Segment Start: Data in this exercise

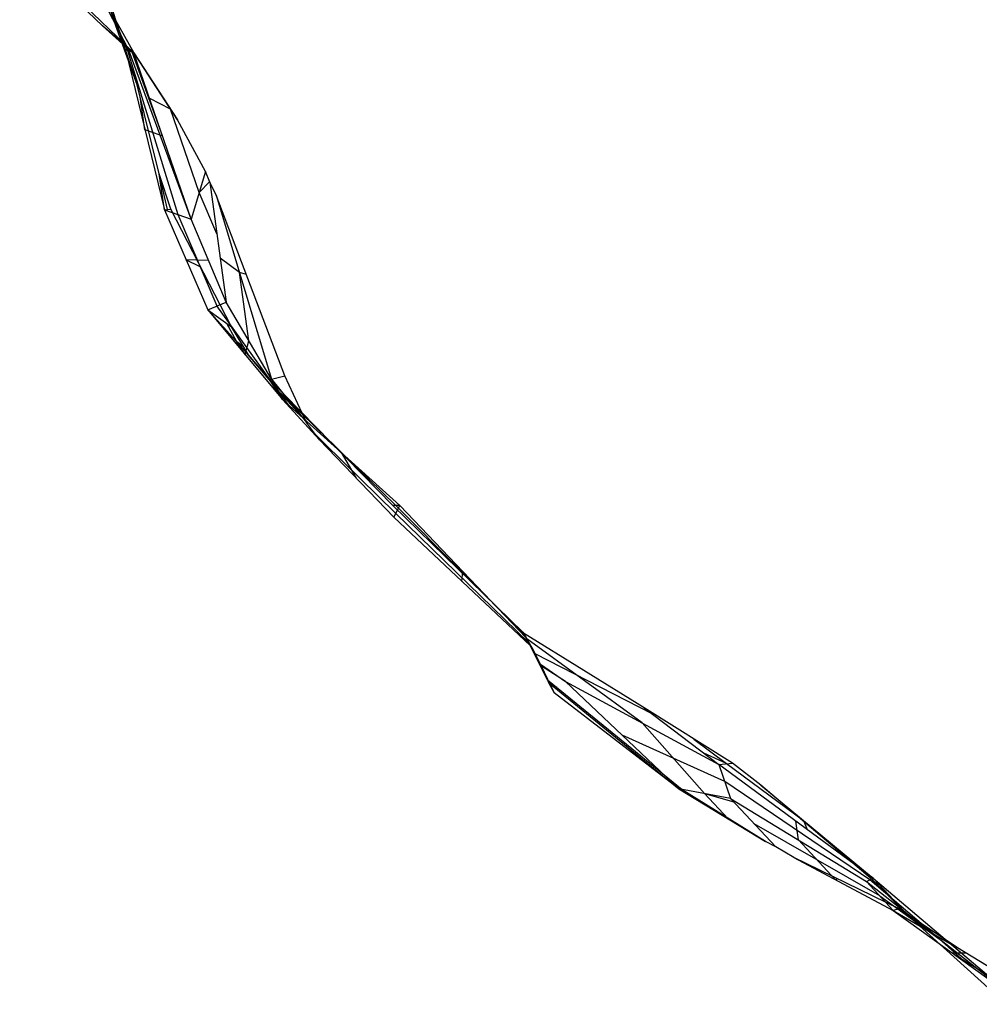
# Model space of a CAD drawing. Header units: millimetres. Extents: x -260 to 262, y -307 to 260.
# Tile 1 of 15: x -234 to -130, y -224 to -117. Entities that reach past the tile are written whole.
import ezdxf

# ---------------------------------------------------------------- set-up
doc = ezdxf.new("R2010")
doc.units = ezdxf.units.MM
doc.layers.add('Mineral Sculptural Table - Ferm Living', color=7, linetype='Continuous', true_color=0x000000)

msp = doc.modelspace()

# ---------------------------------------------------------------- linework, layer by layer
at = {"layer": 'Mineral Sculptural Table - Ferm Living'}
for p, q in [((-225.3, -117.92, 470), (-234.25, -109.3, 470)), ((-233.75, -109.44, 471.71), (-221.88, -120.83, 471.89)), ((-222.59, -120.6, 489.25), (-226.87, -110.26, 490.69)), ((-227.34, -111.1, 484.07), (-221.88, -120.83, 471.89)), ((-227.34, -111.1, 484.07), (-222.39, -120.68, 483.28)), ((-223.83, -117.93, 500), (-225.98, -111.48, 500)), ((-222.79, -120.52, 495.21), (-225.49, -112.21, 496.78)), ((-221.88, -120.83, 471.89), (-225.3, -117.92, 470)), ((-221.64, -121.19, 470), (-225.3, -117.92, 470)), ((-221.53, -124.32, 500), (-223.83, -117.93, 500)), ((-222.39, -120.68, 483.28), (-222.79, -120.52, 495.21)), ((-222.79, -120.52, 495.21), (-218.59, -137.83, 494.23)), ((-221.53, -124.32, 500), (-222.79, -120.52, 495.21)), ((-222.59, -120.6, 489.25), (-217.14, -138.33, 487.46)), ((-215.69, -138.84, 480.7), (-222.39, -120.68, 483.28)), ((-221.88, -120.83, 471.89), (-222.39, -120.68, 483.28)), ((-222.09, -120.79, 470), (-221.66, -121.17, 470.13)), ((-218.78, -129.83, 476.29), (-222.07, -120.78, 476.02)), ((-221.88, -120.83, 471.89), (-217.16, -128.1, 470)), ((-215.69, -138.84, 480.7), (-221.88, -120.83, 471.89)), ((-221.64, -121.19, 470), (-221.88, -120.83, 471.89)), ((-217.16, -128.1, 470), (-221.64, -121.19, 470)), ((-219.16, -133.94, 500), (-221.53, -124.32, 500)), ((-220.69, -129.18, 494.72), (-221.21, -125.62, 500)), ((-217.91, -126.95, 470.3), (-220.18, -125.78, 474.31)), ((-217.91, -126.95, 470.3), (-217.87, -127.01, 470)), ((-214.81, -135.96, 474.7), (-217.91, -126.95, 470.3)), ((-214.12, -133.7, 470), (-217.16, -128.1, 470)), ((-219.04, -129.76, 481.99), (-220.69, -129.18, 494.72)), ((-219.04, -129.76, 481.99), (-218.78, -129.83, 476.29)), ((-218.59, -137.83, 494.23), (-219.16, -133.94, 500)), ((-217.89, -137.75, 500), (-219.16, -133.94, 500)), ((-218.24, -137.79, 497.17), (-219.08, -134.18, 500)), ((-214.12, -133.7, 470), (-215.69, -138.84, 480.7)), ((-213.68, -134.86, 470), (-214.12, -133.7, 470)), ((-213.71, -134.81, 470), (-214.81, -135.96, 474.7)), ((-212.97, -136.26, 470), (-213.68, -134.86, 470)), ((-213.68, -134.86, 470), (-211.9, -147.83, 479.38)), ((-212.92, -140.45, 474.05), (-214.81, -135.96, 474.7)), ((-205.53, -155.79, 470), (-212.97, -136.26, 470)), ((-212.97, -136.26, 470), (-206.99, -156.16, 478.07)), ((-218.59, -137.83, 494.23), (-217.89, -137.75, 500)), ((-218.59, -137.83, 494.23), (-215.69, -138.84, 480.7)), ((-218.59, -137.83, 494.23), (-213.9, -148.65, 491.82)), ((-211.31, -150.51, 500), (-217.89, -137.75, 500)), ((-217.14, -138.33, 487.46), (-212.9, -148.24, 485.6)), ((-211.9, -147.83, 479.38), (-215.69, -138.84, 480.7)), ((-213.79, -143.33, 480.04), (-216.25, -143.24, 493.03)), ((-214.71, -143.99, 500), (-216.25, -143.24, 493.03)), ((-210.46, -144.62, 473.39), (-212.56, -143.06, 475.93)), ((-209.68, -144.85, 470), (-210.46, -144.62, 473.39)), ((-209.44, -152, 478.73), (-210.46, -144.62, 473.39)), ((-213.9, -148.65, 491.82), (-211.9, -147.83, 479.38)), ((-206.99, -156.16, 478.07), (-211.9, -147.83, 479.38)), ((-213.9, -148.65, 491.82), (-205.81, -158.35, 487.59)), ((-213.9, -148.65, 491.82), (-209.48, -153.54, 500)), ((-213.9, -148.65, 491.82), (-211.31, -150.51, 500)), ((-206.4, -157.26, 482.83), (-212.9, -148.24, 485.6)), ((-210.76, -152.13, 497.64), (-211.81, -150.15, 498.43)), ((-209.48, -153.54, 500), (-211.31, -150.51, 500)), ((-209.86, -153.5, 489.71), (-210.76, -152.13, 497.64)), ((-210.76, -152.13, 497.64), (-207.09, -156.42, 498.8)), ((-210.01, -152.67, 500), (-210.76, -152.13, 497.64)), ((-209.86, -153.5, 489.71), (-209.44, -152, 478.73)), ((-207.22, -156.21, 500), (-209.48, -153.54, 500)), ((-205.81, -158.35, 487.59), (-207.22, -156.21, 500)), ((-193.85, -169.84, 500), (-207.22, -156.21, 500)), ((-206.99, -156.16, 478.07), (-205.53, -155.79, 470)), ((-205.81, -158.35, 487.59), (-206.99, -156.16, 478.07)), ((-206.99, -156.16, 478.07), (-203.19, -160.84, 470)), ((-203.19, -160.84, 470), (-205.53, -155.79, 470)), ((-206.71, -156.98, 495.53), (-193.52, -169.84, 494.76)), ((-203.74, -160.16, 471.17), (-206.4, -157.26, 482.83)), ((-206.4, -157.26, 482.83), (-204.92, -159.32, 483.68)), ((-193.11, -169.84, 488.21), (-205.81, -158.35, 487.59)), ((-205.81, -158.35, 487.59), (-201.8, -162.73, 470)), ((-203.26, -160.69, 470), (-203.23, -160.79, 470.08)), ((-201.8, -162.73, 470), (-203.19, -160.84, 470)), ((-203.15, -161.26, 475.93), (-193.54, -170.72, 475.45)), ((-193.73, -171.09, 470), (-201.8, -162.73, 470)), ((-199.46, -164.09, 487.9), (-200.56, -162.95, 500)), ((-199.46, -164.09, 487.9), (-197.83, -166.87, 470)), ((-193.11, -169.84, 488.21), (-193.85, -169.84, 500)), ((-179.79, -183.56, 500), (-193.85, -169.84, 500)), ((-193.73, -171.09, 470), (-193.11, -169.84, 488.21)), ((-193.52, -169.84, 494.76), (-179.61, -183.85, 493.13)), ((-179.42, -184.15, 485.71), (-193.11, -169.84, 488.21)), ((-178.95, -185.04, 470), (-193.73, -171.09, 470)), ((-179.12, -184.72, 475.76), (-193.54, -170.72, 475.45)), ((-186.26, -177, 486.96), (-186.83, -176.71, 500)), ((-186.37, -178.07, 470), (-186.26, -177, 486.96)), ((-179.72, -183.67, 500), (-179.79, -183.56, 500)), ((-179.79, -183.56, 500), (-179.42, -184.15, 485.71)), ((-166.64, -191.75, 500), (-179.72, -183.67, 500)), ((-178.78, -185.25, 493.21), (-179.72, -183.67, 500)), ((-179.61, -183.85, 493.13), (-178.76, -185.29, 493.06)), ((-179.42, -184.15, 485.71), (-178.95, -185.04, 470)), ((-177.82, -187.11, 485.27), (-179.42, -184.15, 485.71)), ((-166.87, -193.37, 488.45), (-179.34, -184.28, 497.34)), ((-176.44, -189.96, 475.16), (-179.12, -184.72, 475.76)), ((-177.13, -188.73, 470), (-178.95, -185.04, 470)), ((-177.86, -187, 486.47), (-178.78, -185.25, 493.21)), ((-165.72, -192.44, 499.02), (-178.44, -185.88, 490.66)), ((-177.82, -187.11, 485.27), (-177.86, -187, 486.47)), ((-177.86, -187, 486.47), (-175.18, -188.88, 485.5)), ((-177.77, -187.23, 484.04), (-177.82, -187.11, 485.27)), ((-175.18, -188.88, 485.5), (-177.77, -187.23, 484.04)), ((-176.38, -190.1, 474.68), (-177.77, -187.23, 484.04)), ((-162.53, -200.61, 470), (-177.13, -188.73, 470)), ((-177.13, -188.73, 470), (-176.99, -188.99, 470.94)), ((-176.99, -188.99, 470.94), (-176.38, -190.1, 474.68)), ((-176.99, -188.99, 470.94), (-162.91, -200.5, 473.05)), ((-176.11, -189.54, 470), (-176.99, -188.99, 470.91)), ((-175.18, -188.88, 485.5), (-162.91, -200.5, 473.05)), ((-175.18, -188.88, 485.5), (-158.56, -197.86, 491.4)), ((-162.91, -200.5, 473.05), (-176.38, -190.1, 474.68)), ((-157.1, -197.72, 500), (-166.64, -191.75, 500)), ((-166.64, -191.75, 500), (-158.56, -197.86, 491.4)), ((-160.1, -201.02, 475.99), (-166.87, -193.37, 488.45)), ((-157.93, -199.7, 485.17), (-169.04, -194.69, 479.28)), ((-161.26, -195.12, 500), (-157.74, -197.78, 496.25)), ((-157.74, -197.78, 496.25), (-160.19, -196.63, 493.13)), ((-158.56, -197.86, 491.4), (-157.1, -197.72, 500)), ((-158.56, -197.86, 491.4), (-157.3, -201.54, 478.93)), ((-141.86, -210.16, 495.36), (-158.56, -197.86, 491.4)), ((-157.74, -197.78, 496.25), (-149.39, -203.93, 498.23)), ((-154.02, -200.1, 500), (-157.1, -197.72, 500)), ((-142.22, -210.35, 489.95), (-157.93, -199.7, 485.17)), ((-141.94, -210.34, 500), (-154.02, -200.1, 500)), ((-154.02, -200.1, 500), (-141.86, -210.16, 495.36)), ((-162.91, -200.5, 473.05), (-162.53, -200.61, 470)), ((-157.3, -201.54, 478.93), (-162.91, -200.5, 473.05)), ((-162.91, -200.5, 473.05), (-153.51, -206.22, 470)), ((-153.51, -206.22, 470), (-162.53, -200.61, 470)), ((-157.54, -203.77, 471.31), (-160.1, -201.02, 475.99)), ((-160.1, -201.02, 475.99), (-156.93, -201.93, 478.26)), ((-160.35, -201.96, 470), (-157.54, -203.77, 471.31)), ((-157.3, -201.54, 478.93), (-152.41, -206.78, 470)), ((-157.3, -201.54, 478.93), (-142.58, -210.54, 484.54)), ((-157.54, -203.77, 471.31), (-157.08, -204, 470)), ((-141.14, -212.1, 478.64), (-154.73, -204.29, 474.25)), ((-149.94, -206.04, 481.74), (-150.21, -204.01, 493.38)), ((-149.39, -203.93, 498.23), (-149.01, -204.89, 493.66)), ((-149.14, -204.23, 500), (-149.39, -203.93, 498.23)), ((-152.41, -206.78, 470), (-153.51, -206.22, 470)), ((-145.94, -210.35, 471.15), (-149.94, -206.04, 481.74)), ((-150.45, -207.95, 470), (-152.41, -206.78, 470)), ((-139.05, -213.5, 470), (-150.45, -207.95, 470)), ((-150.45, -207.95, 470), (-139.7, -213.66, 472.73)), ((-145.94, -210.35, 471.15), (-145.7, -210.22, 470)), ((-142.58, -210.54, 484.54), (-141.86, -210.16, 495.36)), ((-142.58, -210.54, 484.54), (-139.7, -213.66, 472.73)), ((-142.58, -210.54, 484.54), (-126.83, -222.93, 489.48)), ((-134.71, -216.74, 487.01), (-142.22, -210.35, 489.95)), ((-142.22, -210.35, 489.95), (-140.84, -211.03, 494.96)), ((-141.94, -210.34, 500), (-141.86, -210.16, 495.36)), ((-137.95, -214.33, 500), (-141.94, -210.34, 500)), ((-141.86, -210.16, 495.36), (-126.83, -222.93, 489.48)), ((-137.95, -214.33, 500), (-141.86, -210.16, 495.36)), ((-141.14, -212.1, 478.64), (-134.71, -216.74, 487.01)), ((-139.05, -213.5, 470), (-139.7, -213.66, 472.73)), ((-139.7, -213.66, 472.73), (-132.73, -217.71, 470)), ((-139.7, -213.66, 472.73), (-126.83, -222.93, 489.48)), ((-132.73, -217.71, 470), (-139.05, -213.5, 470)), ((-127.44, -223.83, 500), (-137.95, -214.33, 500)), ((-134.71, -216.74, 487.01), (-131.67, -219.44, 483.18)), ((-131.78, -218.29, 470), (-133.27, -218.29, 481.11)), ((-133.27, -218.29, 481.11), (-125.85, -222.93, 482.1)), ((-124.23, -222.93, 470), (-132.73, -217.71, 470))]:
    msp.add_line(p, q, dxfattribs=at)

doc.saveas('drawing.dxf')

Segment End: Data in this exercise

Exercise description:
In the listing above, locate the line with "doc.layers.add('Mineral Sculptural Table" and the line with "layer by layer", then extract exactly those lines and every line between them, and nothing more.

Your solution:
doc.layers.add('Mineral Sculptural Table - Ferm Living', color=7, linetype='Continuous', true_color=0x000000)

msp = doc.modelspace()

# ---------------------------------------------------------------- linework, layer by layer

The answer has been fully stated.